AstraZeneca's nasal COVID-19 vaccine candidate failed to prove effective in study

In a University of Oxford phase 1 trial of AstraZeneca's intranasal COVID-19 vaccine candidate, the product showed "relatively weak and inconsistent measured immune responses," the researchers found. 

The study, published Oct. 11 in eBioMedicine, a journal that's part of The Lancet, showed AstraZeneca's nasal vaccine was safe and tolerable but not effective against COVID-19. 

Of the 30 vaccine-naive adult participants involved in the study, the most frequent side effects were sore throat, nasal discharge, headache and fatigue. 

Nasal vaccines are years away from being approved by regulators and commercially available in the U.S., but multiple vaccine-makers have teamed up with university teams to develop their own candidates. Last week, Ocugen said it's partnering with Washington University in St. Louis. 

The University of Oxford partners with AstraZeneca to develop the nasal vaccine candidate. One of the study's authors is an AstraZeneca employee and is named as the inventor of the vaccine's technology patent.
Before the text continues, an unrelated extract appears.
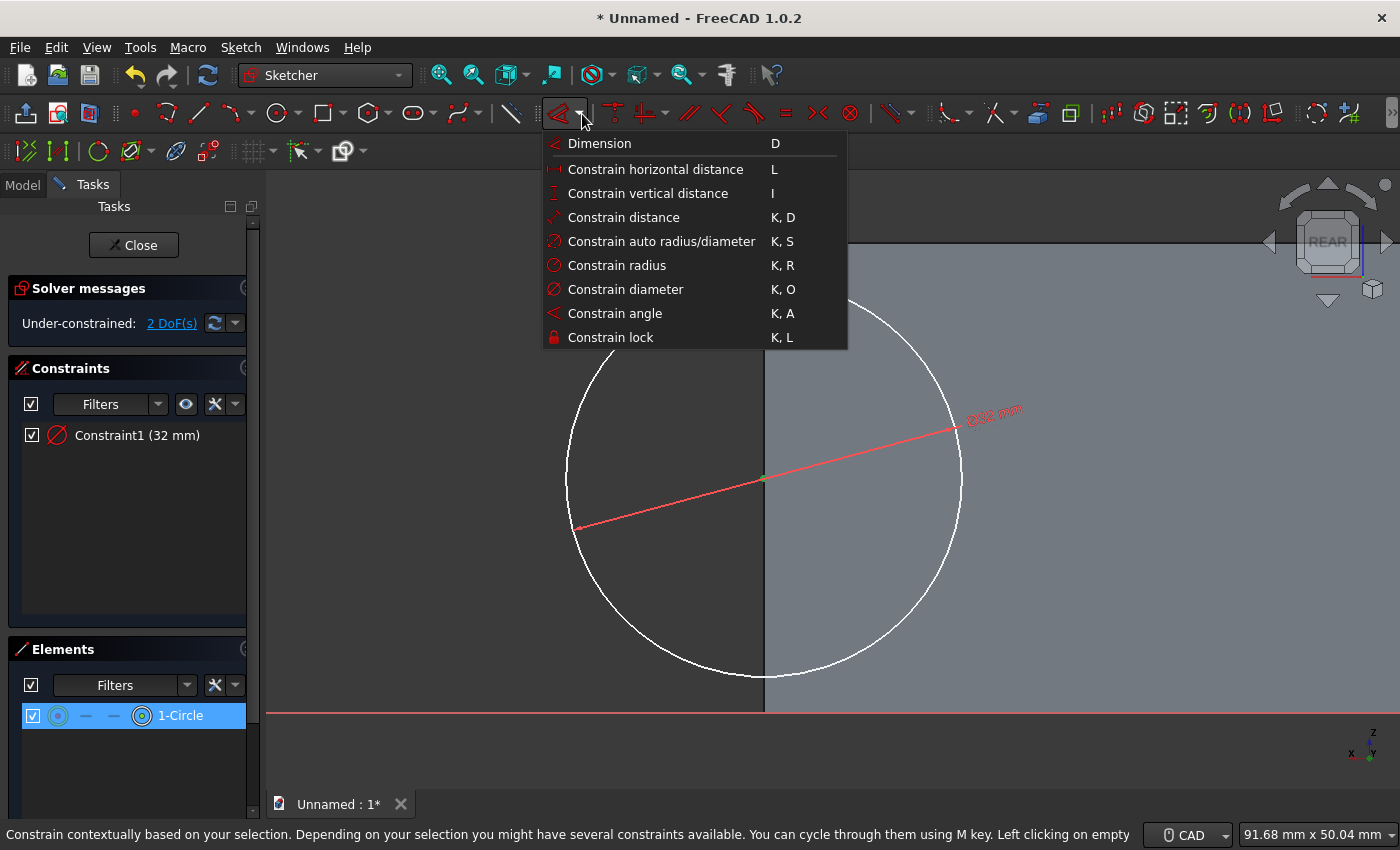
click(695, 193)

Three other researchers also work at the U.K.-based drugmaker. 

Because the early-stage study was small and did not include a placebo, the researchers concluded the development of needle-free COVID-19 vaccines "remains a priority." 

In July, Anthony Fauci, MD, director of the National Institute of Allergy and Infectious Diseases, said nasal vaccines and universal vaccines are the future of the fight against COVID-19. 

"We believe that delivery of vaccines to the nose and lungs remains a promising approach, but this study suggests there are likely to be challenges in making nasal sprays a reliable option," Sandy Douglas, PhD, the chief investigator of the study and a University of Oxford associate professor, said in a statement. "One possibility is simply that the majority of the nasal spray vaccine ends up being swallowed and destroyed in the stomach — delivery to the lungs could avoid that."